Shingles: what are they and how do they look?

· December 22, 2014

Shingles is known as a very painful breakout which stems from the herpes zoster virus, which is the same that causes the chicken pox.  This outbreak appears when a virus that attacks nerve cells becomes active again after some time, and therefore causes the breakout or rash.

Something like this happens: once you have had the chicken pox, the virus Zoster remains in the body’s nerve tissues; the truth is, it never goes away.  I just remains inactive.  But the problem is that it could become active again later and it is precisely during this recurrence that shingles appear.

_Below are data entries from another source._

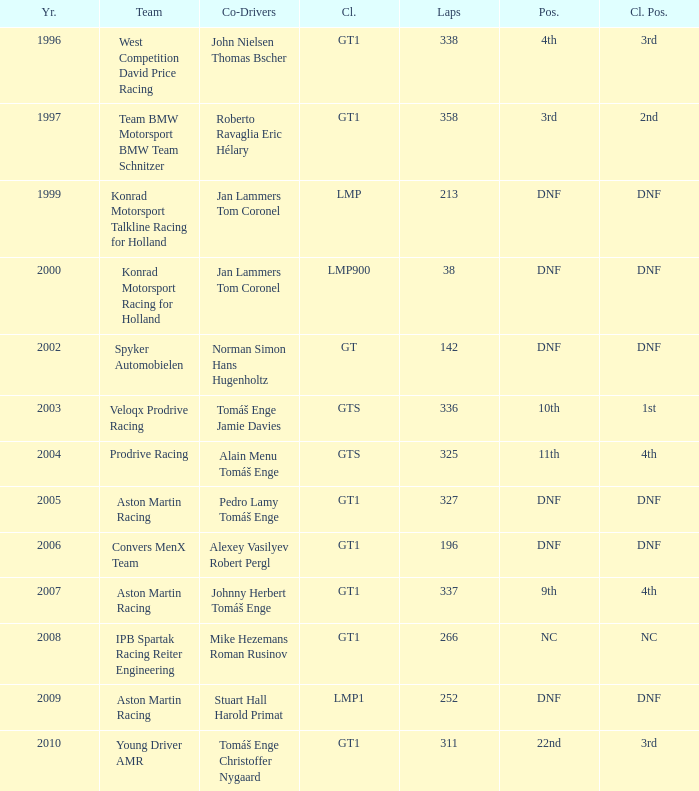Which team ended up 3rd in class, completing 337 laps before the year 2008? West Competition David Price Racing. 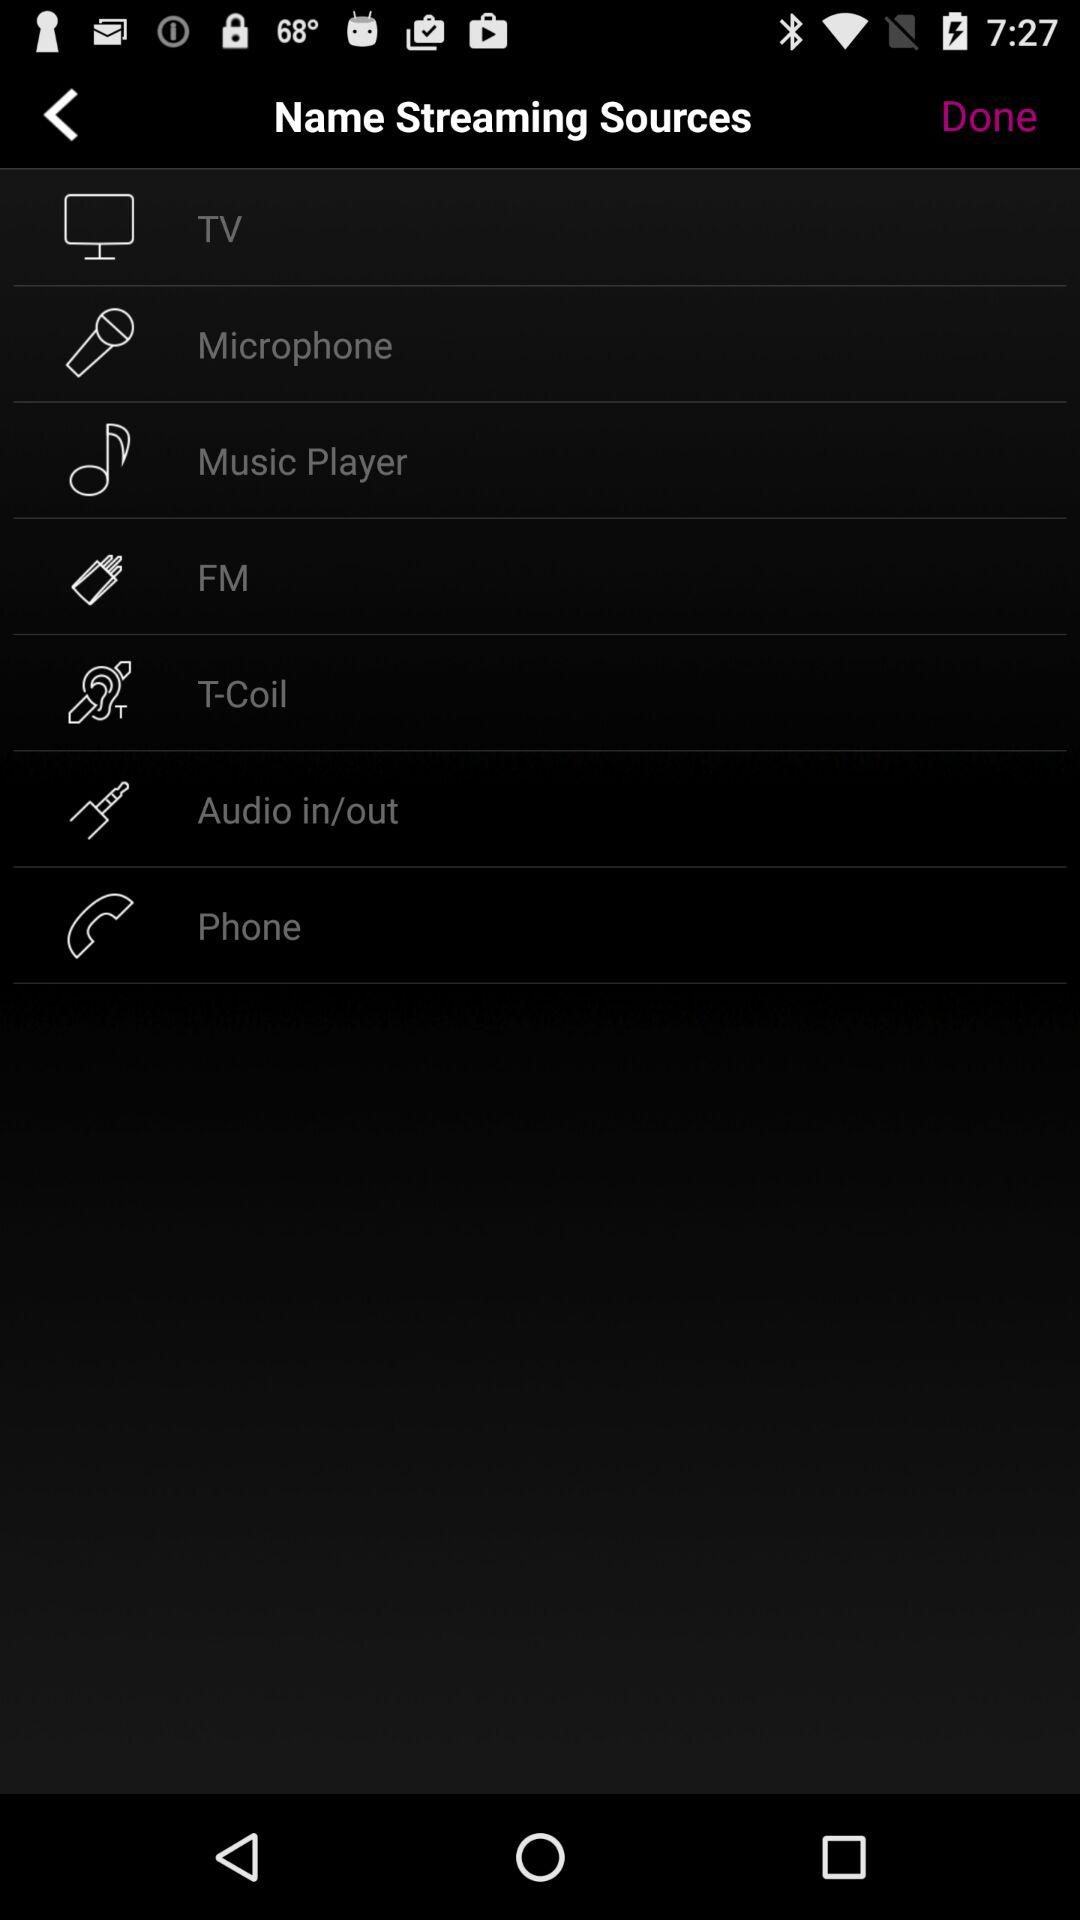How many streaming sources are there in total?
Answer the question using a single word or phrase. 7 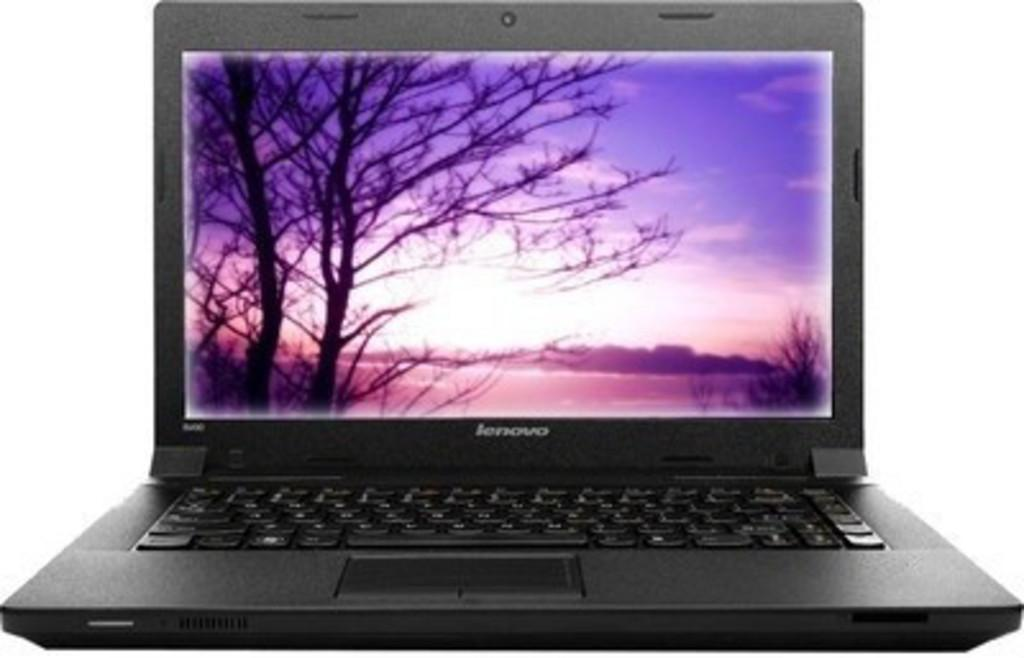What electronic device is visible in the image? There is a laptop in the image. What feature is present on the laptop? The laptop has a screen. What color is the background of the image? The background of the image is white in color. What is the taste of the ant crawling on the laptop in the image? There is no ant present in the image, so it is not possible to determine its taste.

It is thought that the reason the herpes-zoster virus is revived lies in the immune system.  Over time it weakens after having had the chicken pox during infancy.

What happens when the virus becomes active again?

When the virus becomes active again it begins to propagate through nerves, which is exactly why it generally creates an uncomfortable itching and burning sensation in the affected areas.  At that moment, the virus is circulating throughout the entire nervous system, but it only arrives at the skin within two or three days.  Once it reaches the epidermis, grouped blisters appear throughout the entire surface of the affected nerve.  The skin could respond with great sensitivity, which causes a lot of pain.

Is it possible to catch shingles?

If you have ever had the chicken pox, you could run the risk of getting shingles if the virus becomes active again.  However, the virus generally becomes active again in those who have a weakened immune system, or individuals older than 50 years of age.  The risk becomes larger as one ages.  Likewise, if an individual is receiving cancer treatment, or if he or she has HIV, it is quite likely that they will get shingles.  In the latter group, it will probably appear as one of the first symptoms that hint that something is not right with the immune system.

What are the symptoms?

Lower back pain1. The first sign is generally a strong pain on just one side of the body, accompanied by itching or burning.  The burning or pain could be very intense, and in most cases, it appears before any outbreak, announcing its coming.

2. Another symptom that one could appear is the formation of patches on the skin, which are replaced by small blisters.

*Other possible symptoms:

  • Fever and chills
  • Genital ulcers
  • Joint pain
  • General malaise
  • Abdominal pain
  • Headache
  • Inflammation of the lymphatic ganglia

*If the virus affects a facial nerve.

  • Vision problems
  • Loss of eye movement
  • Problems with or reduction of the sense of taste
  • Droopy eyelid
  • Difficulty moving some facial muscles


This could cause fatigue, low grade fever, and minor muscle pains.

Is it curable?

Shingles can definitely be cured.  At this point, you need to see the doctor so they can diagnose you, or so they can prescribe possible treatment or medications to fight the virus.

Generally anti-viral medications are use, which could possibly reduce pain and prevent complications; likewise, they also reduce the duration of the illness.

These medications can be used 24 hours after the first sign of pain or burning.  In order to be cured, it is better to start taking the medications before the blisters appear.

On the other hand, for speedy improvement, we recommend bed rest until the fever subsides.  Also, wash non-disposable items in boiling water; also, keep your skin clean and above all, do not reuse contaminated items.


The virus could last for two or three weeks and strangely reappear.  It is important that you take care of yourself and that you get diagnosed.  In extreme cases, or wen the virus affects motor nerves, this could cause not only weakness but it could also cause temporary or permanent paralysis.  The pain is usually very faint, but it could also become very intense and unbearable.  Remember to take care of yourself and rest.